Why We Don't Rely on Pydantic or Dataclass for State
LangGraph documentation notes that state can in principle be defined using a Pydantic model or a Dataclass in addition to TypedDict. But this flexibility comes with trade offs that are important in real use cases.
The Problem of Efficiency and Partial Updates
Pydantic models and Dataclasses are designed for validated object representation, where each field is expected to be complete and consistent at instantiation. This means that to update even one field, you typically end up reconstructing the entire model or mutating it in place.
In agent workflows, state updates are frequent and often tiny. For example, a node might only want to add a few messages to the history or increment a counter. With Pydantic or Dataclass, you either mutate the whole object, breaking immutability guarantees that LangGraph relies on for deterministic merging, or reconstruct the object with an updated field, which is expensive and often redundant. This is particularly bad when state includes long histories or large collections.
TypedDict, in contrast, allows partial updates easily nodes just return a dict with the keys they want to update. LangGraph then knows how to merge these changes back into the full state object.

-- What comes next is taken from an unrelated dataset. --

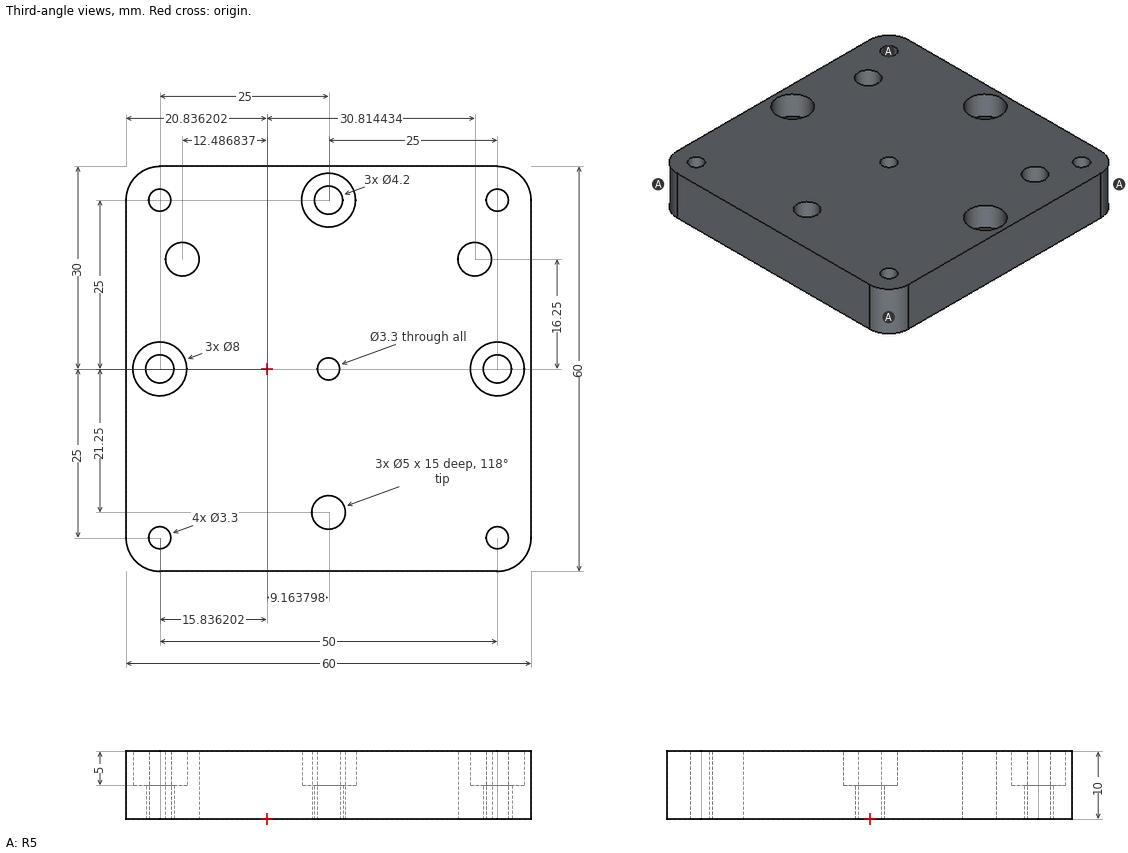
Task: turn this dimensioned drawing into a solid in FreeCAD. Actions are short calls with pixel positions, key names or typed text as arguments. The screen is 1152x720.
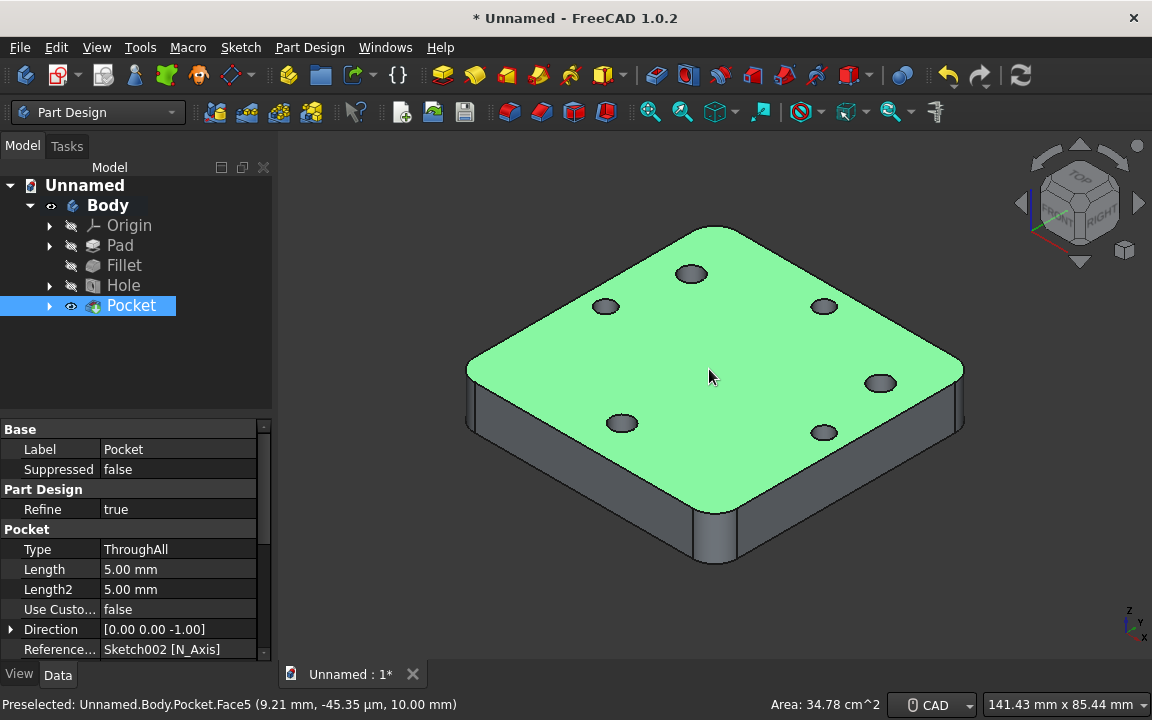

Potential Caching Considerations with Pydantic
Some developers have reported that using Pydantic models as state can occasionally lead to unexpected behavior with caching. This may happen because Pydantic internal metadata can vary between instantiations, potentially causing LangGraph to treat logically identical states differently. While this is not universal, it is worth being aware of when choosing your state representation approach.
Reducer Semantics Are Harder to Attach to Rich Models
LangGraph's state merging is driven by reducers functions that define how to combine existing state with new updates. Attaching reducer semantics to Dataclass or Pydantic fields is possible via annotations, but it is much clearer and more natural in a TypedDict declared state where each field's type and reducer annotation are explicit.
For these reasons, most production LangGraph graphs use TypedDict for state schemas, and rely on reducers to control how fields evolve.
What Are Reducers and Why They Matter
Reducers are the core mechanism for merging updates into state. When nodes produce updates, LangGraph looks at each key and either overwrites the value or calls a reducer function to combine the existing value with the new one.
Each reducer function has this signature:
def reducer(current_value, new_value) -> merged_value
By default, if no reducer is specified for a state key, any update to that key will overwrite the existing value. This is fine for simple scalar fields that should be replaced, like status flags or task names.
However, for many common use casesβsuch as appending messages, accumulating lists of results, or concatenating arraysβoverwrite makes no sense. You don't want the history wiped every time a node runs; you want the new data merged into the existing memory.
To do this, LangGraph uses Python's Annotated type with a reducer function:
from typing import Annotated
from operator import add
from typing_extensions import TypedDict
class State(TypedDict):
history: Annotated[list[str], add]
count: int
Here, history will use Python's operator.add function to combine old and new lists. Now, if two nodes produce updates to the history key, LangGraph will append new values rather than overwrite.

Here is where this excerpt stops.